本章主要介绍左外连接(LEFT JOIN)
共介绍了六种的实现方式
- 用传统的mapreduce()方法
- 用传统的spark方法
- 用spark的leftOutJoin()方法
- 用传统的Scala实现
- 用Scala的leftOutJoin()方法
- 用Scala高效的DataFrame实现
本章数据的输入输出及目标结果
- 输入user表(user_id,location_id)
- 输入transaction表(transaction_id,product_id,user_id,quantity,amount)
- 输出为(product_id,{distinct<location_id> as L, L.size})
运行结果的SQL表示
- SELECT product_id,location_id FROM transactions LEFT OUTER JOIN users ON transactions.user_ID = users.user_ID
- SELECT product_id,count(distinct location_id) FROM transactions LEFT OUTER JOIN users ON transactions.user_ID = users.user_ID group by product_id
++使用传统MapReduce实现++
header 1 | header 2 |
---|---|
LeftJoinDriver | 提交阶段1作业的驱动器 |
LeftJoinReducer | 左连接归约器 |
LeftJoinTransactionMapper | 左连接交易映射器 |
LeftJoinUserMapper | 左连接用户映射器 |
SecondarySortPartitioner | 对自然键分区 |
SecondarySortGroupComparator | 对自然键分组 |
LocationCountDriver | 提交阶段2作业的驱动器 |
LocationCountMapper | 定义map()完成地址统计 |
LocationCountReducer | 定义reduce()完成地址统计 |
首选为两个映射器
//可看成映射的规则为加上识别字段
//组成的格式为{(user,1),("L",product)}这样的key-value格式
//UserMapper
public void map(LongWritable key, Text value, Context context)
throws java.io.IOException, InterruptedException {
String[] tokens = StringUtils.split(value.toString(), "\t");
if (tokens.length == 2) {
// tokens[0] = user_id
// tokens[1] = location_id
// to make sure location arrives before products
outputKey.set(tokens[0], "1"); // set user_id
outputValue.set("L", tokens[1]); // set location_id
context.write(outputKey, outputValue);
}
}
//TransactionMapper
public void map(LongWritable key, Text value, Context context)

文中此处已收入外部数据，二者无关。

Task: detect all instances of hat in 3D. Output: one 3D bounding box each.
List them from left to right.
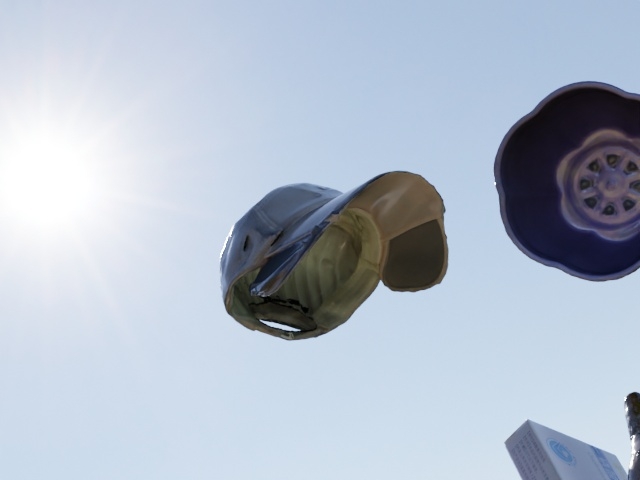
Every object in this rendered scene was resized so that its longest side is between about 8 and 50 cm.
[{"bbox_3d":[0.005,-0.001,1.128,0.232,0.161,0.275,-5,-23,-38],"label":"hat"}]

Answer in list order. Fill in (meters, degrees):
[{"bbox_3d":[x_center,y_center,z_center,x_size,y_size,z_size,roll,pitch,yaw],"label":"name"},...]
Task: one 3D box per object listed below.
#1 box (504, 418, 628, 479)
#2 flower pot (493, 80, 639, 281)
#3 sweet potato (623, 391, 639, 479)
[{"bbox_3d":[0.398,0.409,1.417,0.200,0.343,0.065,25,-66,-29],"label":"box"},{"bbox_3d":[0.396,-0.075,1.460,0.265,0.265,0.243,-34,-13,17],"label":"flower pot"},{"bbox_3d":[0.423,0.333,1.248,0.079,0.346,0.108,-31,-36,23],"label":"sweet potato"}]
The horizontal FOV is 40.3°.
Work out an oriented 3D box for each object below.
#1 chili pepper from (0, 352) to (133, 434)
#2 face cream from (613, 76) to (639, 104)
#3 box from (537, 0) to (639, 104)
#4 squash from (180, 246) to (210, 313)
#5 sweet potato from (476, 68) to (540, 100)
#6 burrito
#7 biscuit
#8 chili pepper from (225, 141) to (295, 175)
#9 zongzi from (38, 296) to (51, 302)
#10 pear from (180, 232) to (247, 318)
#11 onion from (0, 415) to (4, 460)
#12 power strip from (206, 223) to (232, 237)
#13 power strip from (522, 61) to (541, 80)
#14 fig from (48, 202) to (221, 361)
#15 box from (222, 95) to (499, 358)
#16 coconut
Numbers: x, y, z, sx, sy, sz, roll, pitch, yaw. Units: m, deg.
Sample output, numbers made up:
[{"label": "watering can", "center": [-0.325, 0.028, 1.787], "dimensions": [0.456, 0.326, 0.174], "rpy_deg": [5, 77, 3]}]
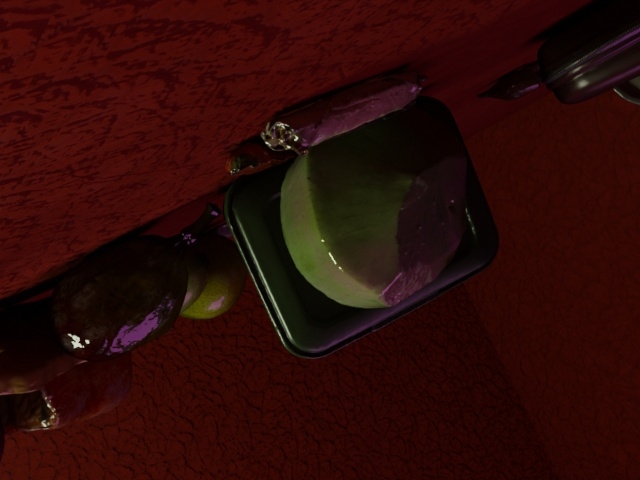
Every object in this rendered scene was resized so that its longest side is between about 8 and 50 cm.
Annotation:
[{"label": "chili pepper", "center": [-0.500, 0.248, 1.538], "dimensions": [0.229, 0.251, 0.305], "rpy_deg": [-63, 169, 15]}, {"label": "face cream", "center": [0.598, -0.326, 1.545], "dimensions": [0.175, 0.175, 0.195], "rpy_deg": [-26, -179, 29]}, {"label": "box", "center": [0.474, -0.302, 1.122], "dimensions": [0.404, 0.108, 0.263], "rpy_deg": [-26, -179, 39]}, {"label": "squash", "center": [-0.304, 0.088, 1.514], "dimensions": [0.247, 0.132, 0.132], "rpy_deg": [-28, 179, 15]}, {"label": "sweet potato", "center": [0.326, -0.269, 1.525], "dimensions": [0.117, 0.049, 0.049], "rpy_deg": [-14, -173, 33]}, {"label": "burrito", "center": [0.027, -0.123, 0.819], "dimensions": [0.186, 0.041, 0.045], "rpy_deg": [-25, 138, -37]}, {"label": "biscuit", "center": [-0.391, 0.140, 1.238], "dimensions": [0.202, 0.047, 0.334], "rpy_deg": [11, -162, 22]}, {"label": "chili pepper", "center": [-0.053, -0.088, 0.891], "dimensions": [0.045, 0.027, 0.178], "rpy_deg": [-22, -179, 21]}, {"label": "zongzi", "center": [-0.463, 0.118, 1.453], "dimensions": [0.073, 0.067, 0.083], "rpy_deg": [-38, -161, -3]}, {"label": "pear", "center": [-0.247, 0.074, 1.642], "dimensions": [0.216, 0.166, 0.180], "rpy_deg": [-14, -169, -22]}, {"label": "onion", "center": [-0.600, 0.301, 1.315], "dimensions": [0.231, 0.272, 0.256], "rpy_deg": [-17, 161, -40]}, {"label": "power strip", "center": [-0.283, 0.026, 1.806], "dimensions": [0.253, 0.027, 0.060], "rpy_deg": [-26, 180, 26]}, {"label": "power strip", "center": [0.386, -0.300, 1.591], "dimensions": [0.056, 0.032, 0.123], "rpy_deg": [-26, 180, -8]}, {"label": "fig", "center": [-0.229, 0.048, 1.145], "dimensions": [0.274, 0.145, 0.170], "rpy_deg": [-40, 178, 16]}, {"label": "box", "center": [0.043, -0.021, 1.162], "dimensions": [0.329, 0.252, 0.178], "rpy_deg": [-25, -171, -14]}, {"label": "coconut", "center": [0.063, -0.042, 0.945], "dimensions": [0.236, 0.204, 0.236], "rpy_deg": [-41, -176, 4]}]
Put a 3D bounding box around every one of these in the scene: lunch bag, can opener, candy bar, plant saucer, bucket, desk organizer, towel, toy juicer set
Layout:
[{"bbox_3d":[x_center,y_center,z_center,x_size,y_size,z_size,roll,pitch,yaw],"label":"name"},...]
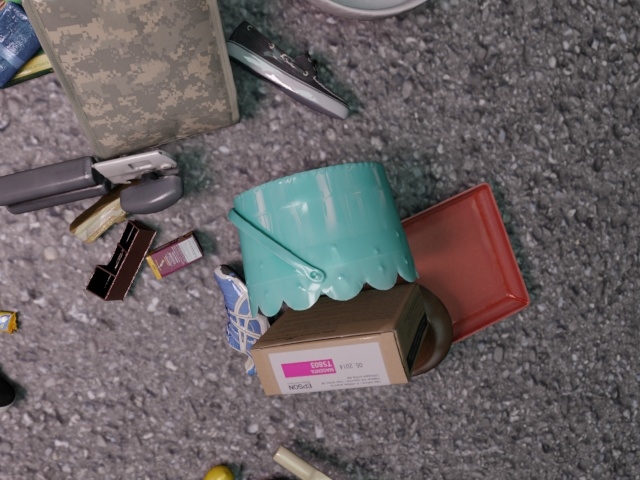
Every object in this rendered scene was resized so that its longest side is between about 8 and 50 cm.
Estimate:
[{"bbox_3d":[-0.256,-0.264,0.811,0.236,0.168,0.286,-18,137,-12],"label":"lunch bag"},{"bbox_3d":[-0.347,-0.072,0.838,0.284,0.076,0.095,-13,72,3],"label":"can opener"},{"bbox_3d":[-0.566,0.123,0.890,0.162,0.018,0.040,8,97,-12],"label":"candy bar"},{"bbox_3d":[0.133,0.165,0.990,0.199,0.036,0.198,4,110,12],"label":"plant saucer"},{"bbox_3d":[0.000,0.000,0.860,0.282,0.281,0.182,-13,87,-10],"label":"bucket"},{"bbox_3d":[-0.322,0.031,0.902,0.047,0.050,0.130,27,93,14],"label":"desk organizer"},{"bbox_3d":[-0.451,-0.278,0.803,0.067,0.029,0.119,42,89,-16],"label":"towel"},{"bbox_3d":[0.230,0.057,1.034,0.259,0.048,0.258,-25,103,-6],"label":"plant saucer"},{"bbox_3d":[-0.107,0.472,1.012,0.329,0.089,0.209,-35,91,3],"label":"toy juicer set"}]

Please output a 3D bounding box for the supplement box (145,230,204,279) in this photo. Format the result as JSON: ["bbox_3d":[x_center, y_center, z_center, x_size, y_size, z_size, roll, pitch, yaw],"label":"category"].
[{"bbox_3d":[-0.239,0.023,0.924,0.083,0.055,0.043,-27,103,-8],"label":"supplement box"}]

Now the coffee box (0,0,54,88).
[{"bbox_3d":[-0.464,-0.331,0.829,0.113,0.040,0.184,-20,103,-9],"label":"coffee box"}]

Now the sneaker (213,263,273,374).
[{"bbox_3d":[-0.130,0.138,0.952,0.081,0.080,0.211,-29,103,-8],"label":"sneaker"}]

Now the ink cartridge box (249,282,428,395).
[{"bbox_3d":[0.037,0.153,0.887,0.235,0.193,0.088,-11,104,23],"label":"ink cartridge box"}]

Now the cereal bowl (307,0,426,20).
[{"bbox_3d":[0.063,-0.507,0.863,0.340,0.141,0.338,-2,99,-11],"label":"cereal bowl"}]

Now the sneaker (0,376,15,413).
[{"bbox_3d":[-0.554,0.174,0.854,0.217,0.079,0.121,35,104,-17],"label":"sneaker"}]

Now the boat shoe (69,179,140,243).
[{"bbox_3d":[-0.335,-0.047,0.901,0.135,0.050,0.045,-37,128,-6],"label":"boat shoe"}]

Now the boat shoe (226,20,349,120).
[{"bbox_3d":[-0.044,-0.279,0.913,0.229,0.080,0.076,28,93,-7],"label":"boat shoe"}]

throws java.io.IOException, InterruptedException {
String[] tokens = StringUtils.split(value.toString(), "\t");
String productID = tokens[1];
String userID = tokens[2];
// make sure products arrive at a reducer after location
outputKey.set(userID, "2");
outputValue.set("P", productID);
context.write(outputKey, outputValue);
}
先进行分区,之后对userID进行分组
@Override
public int compare(PairOfStrings first, PairOfStrings second) {
return first.getLeftElement().compareTo(second.getLeftElement());
}
@Override
public int compare(byte[] b1, int s1, int l1, byte[] b2, int s2, int l2 ) {
DataInputBuffer buffer = new DataInputBuffer();
PairOfStrings a = new PairOfStrings();
PairOfStrings b = new PairOfStrings();
try {
buffer.reset(b1, s1, l1);
a.readFields(buffer);
buffer.reset(b2, s2, l2);
b.readFields(buffer);
return compare(a,b);
}
catch(Exception ex) {
return -1;
}
}
reduce函数进行归约,第一阶段完成
//据书上说USERID因为1<2,所以每次想用ID的location_id会先到达,
//也即{location_id,produce_id……}这样,发射出去的为{location_id,produce_id}
//也即相用location_id的商品的组
@Override
public void reduce(PairOfStrings key, Iterable<PairOfStrings> values, Context context)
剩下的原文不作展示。